Plot Lorenz Curve in Python

import numpy as np
from matplotlib import pyplot as plt
%matplotlib inline

Gini coefficient, along with Lorenz curve, is a great way to show inequality in a series of values. However, there are no straight forward wrapper function to use for the plot. I’ve been using these a lot lately and woud like to write down how I do these with Numpy and Matplotlib.

Let’s first come up with a small sample set. To make a skewed dataset, I append two Poisson random samples together.

X = np.append(np.random.poisson(lam=10, size=40), 
              np.random.poisson(lam=100, size=10))
X
array([ 11,  11,  13,  10,  17,  14,  14,   9,   8,  11,   4,  13,  12,
         9,  14,  11,  10,  11,  13,  17,  14,   6,  10,   8,  13,  14,
        13,   5,  22,   8,  13,  10,  11,  14,   6,   6,  11,  10,   6,
         7, 103,  86,  99,  94,  99,  95,  91,  95,  88,  79])

Calculation of Gini

The formula comes from Gini’s Wikipedia page:

$$Gini = \frac{2\sum_i^n i\times y_i}{n\sum_i^n y_i} - \frac{n+1}{n}$$

Note that the values of $y$’s are ordered such that $y_i \leq y_{i+1}$

Now, we can write a simple wrapper function for this.

def gini(arr):
    ## first sort
    sorted_arr = arr.copy()
    sorted_arr.sort()
    n = arr.size
    coef_ = 2. / n
    const_ = (n + 1.) / n
    weighted_sum = sum([(i+1)*yi for i, yi in enumerate(sorted_arr)])
    return coef_*weighted_sum/(sorted_arr.sum()) - const_
gini(X)
0.5305263157894735

Lorenz Curve

There are two elements we need: perfect equality that has a slope of $1$ and the Lorenz curve.

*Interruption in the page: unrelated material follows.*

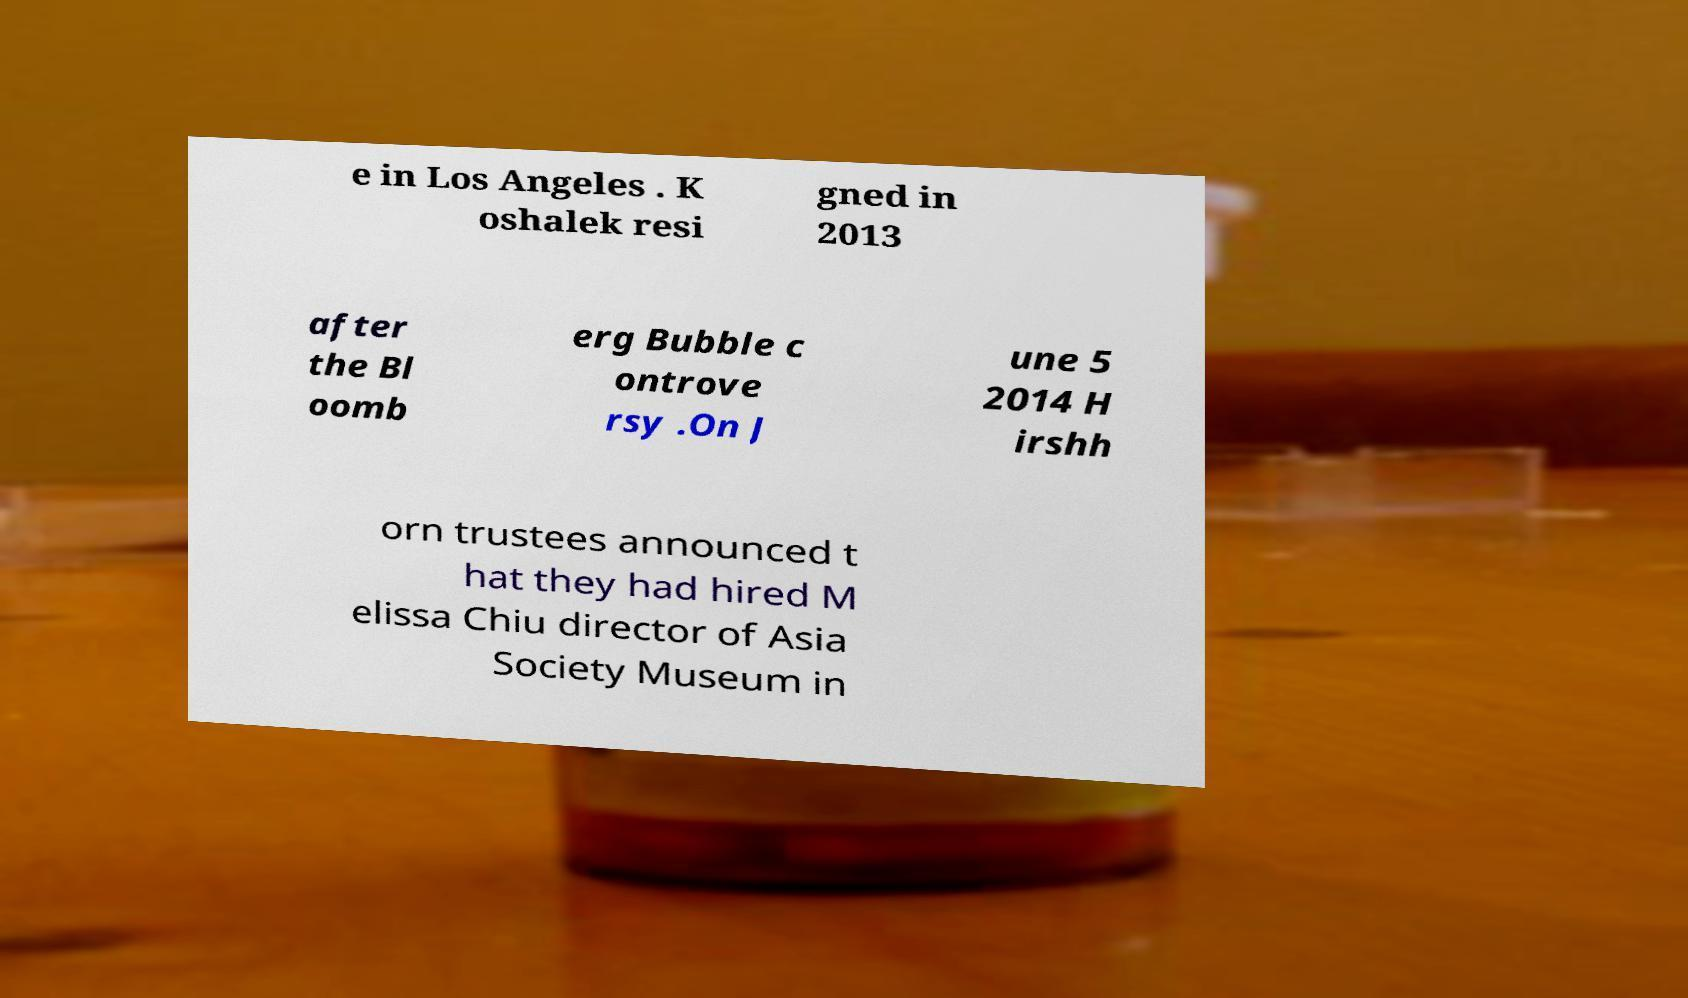There's text embedded in this image that I need extracted. Can you transcribe it verbatim? e in Los Angeles . K oshalek resi gned in 2013 after the Bl oomb erg Bubble c ontrove rsy .On J une 5 2014 H irshh orn trustees announced t hat they had hired M elissa Chiu director of Asia Society Museum in

Quote from Lorenz curve’s wiki page

The curve is a graph showing the proportion of overall income or wealth assumed by the bottom $x$% of the people

In fact, the famous 80-20 rule is one good example: the bottom 80% holds 20% of the overall wealth. Under the situation of perfect equality, on the other hand, we can say the bottom $x$% holds $x$% of the overall wealth.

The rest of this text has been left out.